Limitations & Future Work

  • The model has 1.67B parameters; while it is the only trainable component, this is considerably heavier than textual inversion-based methods.
  • Training data for abstract concepts is synthesized via FLUX self-distillation, which may limit data quality and diversity.
  • Inference efficiency is not discussed — multi-concept inference requires a separate Mod-Adapter forward pass for each concept.
  • The method is built on the FLUX architecture; transferring it to non-DiT architectures (e.g., U-Net) would require redesign.
  • vs. TokenVerse: Both exploit the DiT modulation space, but TokenVerse requires per-image fine-tuning of an MLP, whereas Mod-Adapter is a tuning-free generalization.
  • vs.
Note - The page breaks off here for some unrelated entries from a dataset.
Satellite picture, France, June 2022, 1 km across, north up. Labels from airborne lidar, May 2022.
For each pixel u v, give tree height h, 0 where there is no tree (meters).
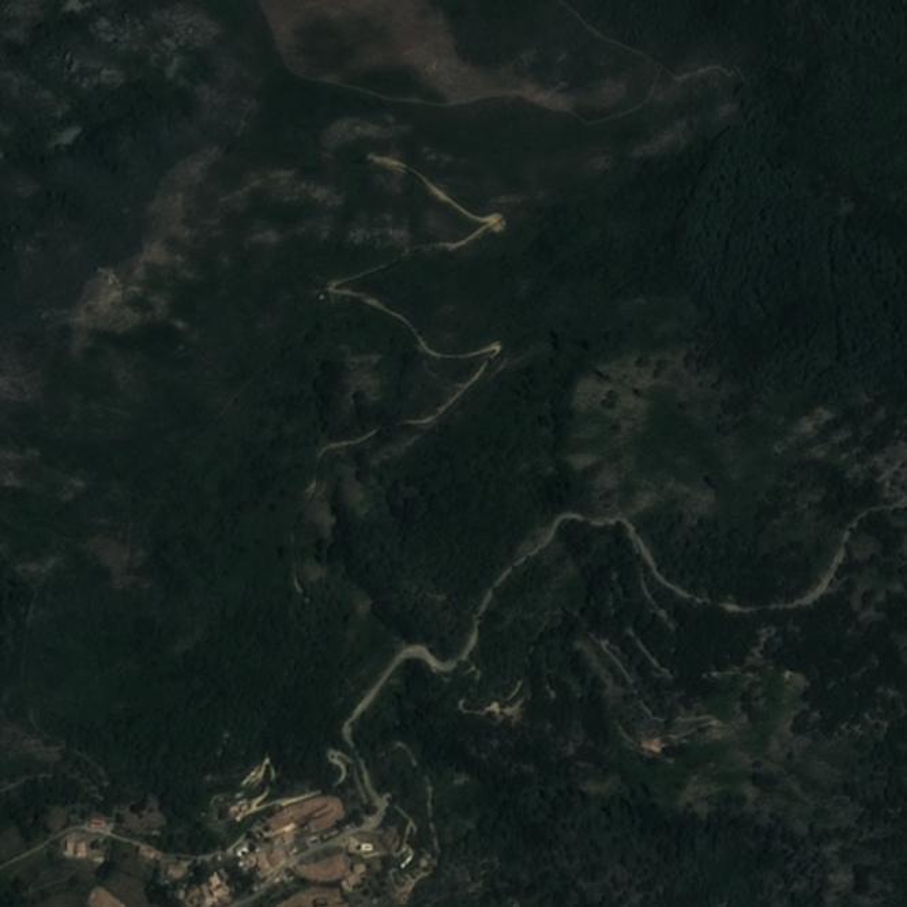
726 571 13
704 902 12
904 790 12
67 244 0
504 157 0
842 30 20
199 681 10
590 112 0
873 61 14
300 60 0
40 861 0
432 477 9
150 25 0
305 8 0
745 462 0
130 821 0
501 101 0
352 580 12
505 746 9
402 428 7
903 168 12
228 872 6
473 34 0
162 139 0
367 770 7
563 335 12
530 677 11
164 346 0
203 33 0
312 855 0
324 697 12
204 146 0
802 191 20
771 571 13
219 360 0
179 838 7
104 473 0
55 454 0
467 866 7
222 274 0
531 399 12
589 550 12
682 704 12
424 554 10
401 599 10
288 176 0
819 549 9
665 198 6
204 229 0
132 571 0
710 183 20
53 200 7
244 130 0
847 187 11
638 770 0
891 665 16
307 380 13
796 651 14
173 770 9
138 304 0
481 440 8
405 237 0
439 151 0
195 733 11
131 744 7
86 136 7
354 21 0
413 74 0
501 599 14
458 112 0
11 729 0
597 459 0
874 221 21
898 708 13
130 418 0
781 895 13
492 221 0
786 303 14
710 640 16
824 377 17
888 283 18
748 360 10
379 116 0
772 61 8
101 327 0
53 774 7
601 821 9
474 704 8
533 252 7
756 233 25
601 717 20
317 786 8
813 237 23
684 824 18
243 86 0
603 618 15
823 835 9
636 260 6
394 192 0
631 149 0
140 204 0
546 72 0
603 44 0
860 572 7
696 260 18
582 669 18
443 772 14
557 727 9
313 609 9
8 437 0
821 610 12
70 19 9
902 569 15
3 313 0
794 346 14
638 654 13
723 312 18
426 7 0
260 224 0
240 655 13
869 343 21
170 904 12
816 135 14
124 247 0
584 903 15
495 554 13
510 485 9
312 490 0
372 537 14
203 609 0
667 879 12
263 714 14
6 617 8
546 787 14
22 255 0
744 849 15
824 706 13
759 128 19
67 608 0
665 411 0
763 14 9
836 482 10
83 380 0
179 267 0
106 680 0
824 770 0
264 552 0
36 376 0
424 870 7

IP-Adapter/MIP-Adapter: These methods inject image features via cross-attention but lack localized control, rendering them unable to handle abstract concepts.
  • vs. MS-Diffusion: Employs a layout-guided scheme for multi-subject generation but is likewise limited to object concepts.
  • The direction manipulation strategy in the modulation space may inspire other controllable generation tasks, such as affective control and style transfer.

Rating

  • Novelty: ⭐⭐⭐⭐ First tuning-free framework to unify object and abstract concept customization; leveraging the modulation space is a novel perspective.
  • Experimental Thoroughness: ⭐⭐⭐⭐ Quantitative + qualitative + user study + comprehensive ablation; inference efficiency analysis is absent.
  • Writing Quality: ⭐⭐⭐⭐ Motivation is clear, method description is thorough, and figures are intuitive.
  • Value: ⭐⭐⭐⭐⭐ High practical value; tuning-free multi-concept personalization has broad application scenarios.